If there is any other check I can do let me know. Thank you very much for your support.

Hello,
yesterday night happened again but I think with a different message… I try to share it to you @kurokobo and @TheRealHaoLiu


Failed to JSON parse a line from worker stream. Error: Expecting value: line 1 column 1 (char 0) Line with invalid JSON data: b’’

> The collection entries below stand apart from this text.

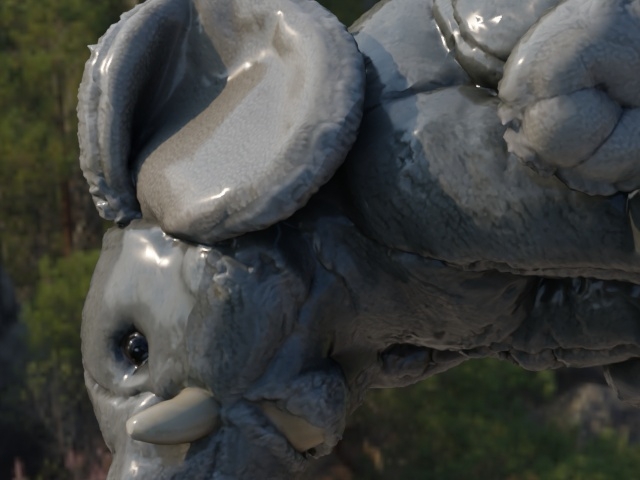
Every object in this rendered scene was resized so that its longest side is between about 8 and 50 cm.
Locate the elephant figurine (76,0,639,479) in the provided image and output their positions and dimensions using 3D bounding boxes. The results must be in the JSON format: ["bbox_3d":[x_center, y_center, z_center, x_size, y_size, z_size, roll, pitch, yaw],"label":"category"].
[{"bbox_3d":[0.000,0.000,0.472,0.239,0.169,0.186,-16,12,15],"label":"elephant figurine"}]
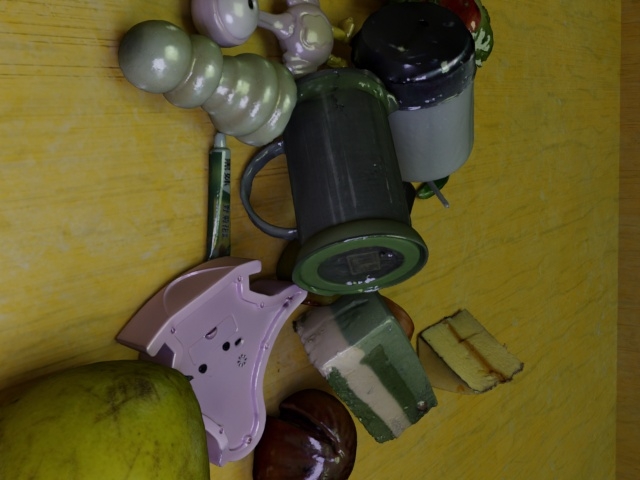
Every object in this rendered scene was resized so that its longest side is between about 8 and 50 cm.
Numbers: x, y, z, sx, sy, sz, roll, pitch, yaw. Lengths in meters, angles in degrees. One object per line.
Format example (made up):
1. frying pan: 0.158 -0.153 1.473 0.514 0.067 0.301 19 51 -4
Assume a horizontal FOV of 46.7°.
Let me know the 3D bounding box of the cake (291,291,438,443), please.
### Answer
1. cake: 0.095 0.228 1.240 0.158 0.172 0.283 -32 99 -1

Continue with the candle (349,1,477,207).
1. candle: 0.174 -0.243 1.358 0.221 0.221 0.342 -57 152 -33

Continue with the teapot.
1. teapot: 0.009 -0.098 1.152 0.200 0.270 0.337 69 11 -63

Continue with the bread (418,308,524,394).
1. bread: 0.353 0.257 1.698 0.240 0.178 0.135 -14 106 -50

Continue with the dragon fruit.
1. dragon fruit: 0.197 -0.449 1.442 0.269 0.198 0.200 -36 147 -45

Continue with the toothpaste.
1. toothpaste: -0.152 -0.060 1.115 0.049 0.031 0.204 -7 101 -51

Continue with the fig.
1. fig: 0.000 0.000 1.266 0.124 0.124 0.236 46 46 -45

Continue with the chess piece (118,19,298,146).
1. chess piece: -0.161 -0.226 1.016 0.243 0.133 0.133 18 79 -46

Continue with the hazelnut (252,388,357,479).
1. hazelnut: -0.019 0.353 1.217 0.204 0.178 0.178 -49 130 -27

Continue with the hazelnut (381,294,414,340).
1. hazelnut: 0.094 0.173 1.381 0.150 0.150 0.150 -7 99 -53

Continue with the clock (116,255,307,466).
1. clock: -0.130 0.160 1.110 0.290 0.080 0.275 -42 126 -37

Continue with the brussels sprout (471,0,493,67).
1. brussels sprout: 0.330 -0.471 1.677 0.139 0.100 0.181 5 100 -34

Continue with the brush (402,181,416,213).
1. brush: 0.169 -0.035 1.557 0.063 0.016 0.193 38 63 -47

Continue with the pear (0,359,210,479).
1. pear: -0.249 0.272 0.827 0.375 0.287 0.287 -52 132 -49

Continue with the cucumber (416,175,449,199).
1. cucumber: 0.261 -0.129 1.656 0.155 0.037 0.037 -43 126 -42

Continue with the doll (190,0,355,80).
1. doll: -0.078 -0.343 1.138 0.365 0.094 0.160 14 79 -54
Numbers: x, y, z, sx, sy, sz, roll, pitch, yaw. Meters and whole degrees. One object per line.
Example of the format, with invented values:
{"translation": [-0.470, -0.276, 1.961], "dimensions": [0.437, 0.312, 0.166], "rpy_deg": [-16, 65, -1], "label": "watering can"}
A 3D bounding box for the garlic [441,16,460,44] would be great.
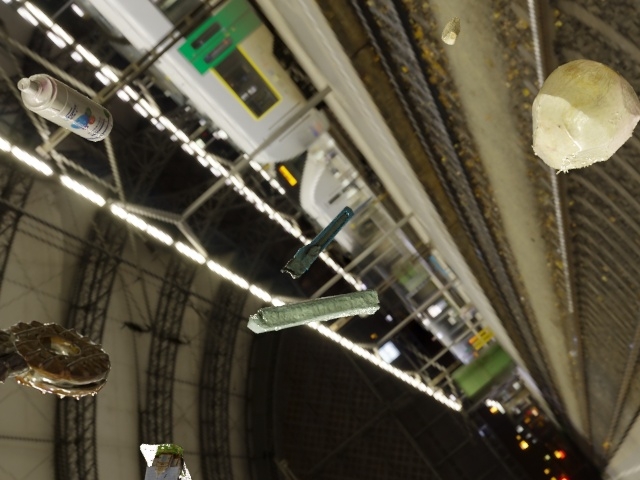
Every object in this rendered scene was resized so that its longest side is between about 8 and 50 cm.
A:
{"translation": [0.332, -0.523, 1.818], "dimensions": [0.041, 0.053, 0.083], "rpy_deg": [25, -136, -7], "label": "garlic"}

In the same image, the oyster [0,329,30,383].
{"translation": [-0.788, 0.219, 1.557], "dimensions": [0.275, 0.101, 0.271], "rpy_deg": [20, -173, 24], "label": "oyster"}

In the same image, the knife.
{"translation": [0.001, -0.001, 1.656], "dimensions": [0.044, 0.026, 0.296], "rpy_deg": [47, -133, -5], "label": "knife"}

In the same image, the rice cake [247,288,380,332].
{"translation": [-0.014, 0.172, 1.763], "dimensions": [0.066, 0.336, 0.063], "rpy_deg": [143, 117, -64], "label": "rice cake"}

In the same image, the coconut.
{"translation": [0.464, -0.227, 1.267], "dimensions": [0.194, 0.194, 0.194], "rpy_deg": [49, -176, -4], "label": "coconut"}

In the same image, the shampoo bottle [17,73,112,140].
{"translation": [-0.594, -0.312, 1.670], "dimensions": [0.092, 0.092, 0.303], "rpy_deg": [50, -176, 13], "label": "shampoo bottle"}

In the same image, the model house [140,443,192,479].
{"translation": [-0.397, 0.602, 1.816], "dimensions": [0.088, 0.117, 0.167], "rpy_deg": [-81, -11, -57], "label": "model house"}

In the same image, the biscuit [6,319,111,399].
{"translation": [-0.767, 0.341, 2.088], "dimensions": [0.332, 0.103, 0.332], "rpy_deg": [24, -171, -4], "label": "biscuit"}

In awx-task pod I’ve found this error:

2024-04-16T00:13:44+02:00 2024-04-15 22:13:44,409 ERROR    [6a992cbb5ae249be87f608f6d08258ba] awx.main.dispatch Worker failed to run task awx.main.tasks.system.purge_old_stdout_files(*[], **{}
2024-04-16T00:13:44+02:00 Traceback (most recent call last):
2024-04-16T00:13:44+02:00   File "/var/lib/awx/venv/awx/lib64/python3.9/site-packages/awx/main/dispatch/worker/task.py", line 103, in perform_work
2024-04-16T00:13:44+02:00     result = self.run_callable(body)
2024-04-16T00:13:44+02:00   File "/var/lib/awx/venv/awx/lib64/python3.9/site-packages/awx/main/dispatch/worker/task.py", line 78, in run_callable
2024-04-16T00:13:44+02:00     return _call(*args, **kwargs)
2024-04-16T00:13:44+02:00   File "/var/lib/awx/venv/awx/lib64/python3.9/site-packages/awx/main/tasks/system.py", line 378, in purge_old_stdout_files
2024-04-16T00:13:44+02:00     for f in os.listdir(settings.JOBOUTPUT_ROOT):
2024-04-16T00:13:44+02:00 FileNotFoundError: [Errno 2] No such file or directory: '/var/lib/awx/job_status'

Any ideas? Thank you very much for your help.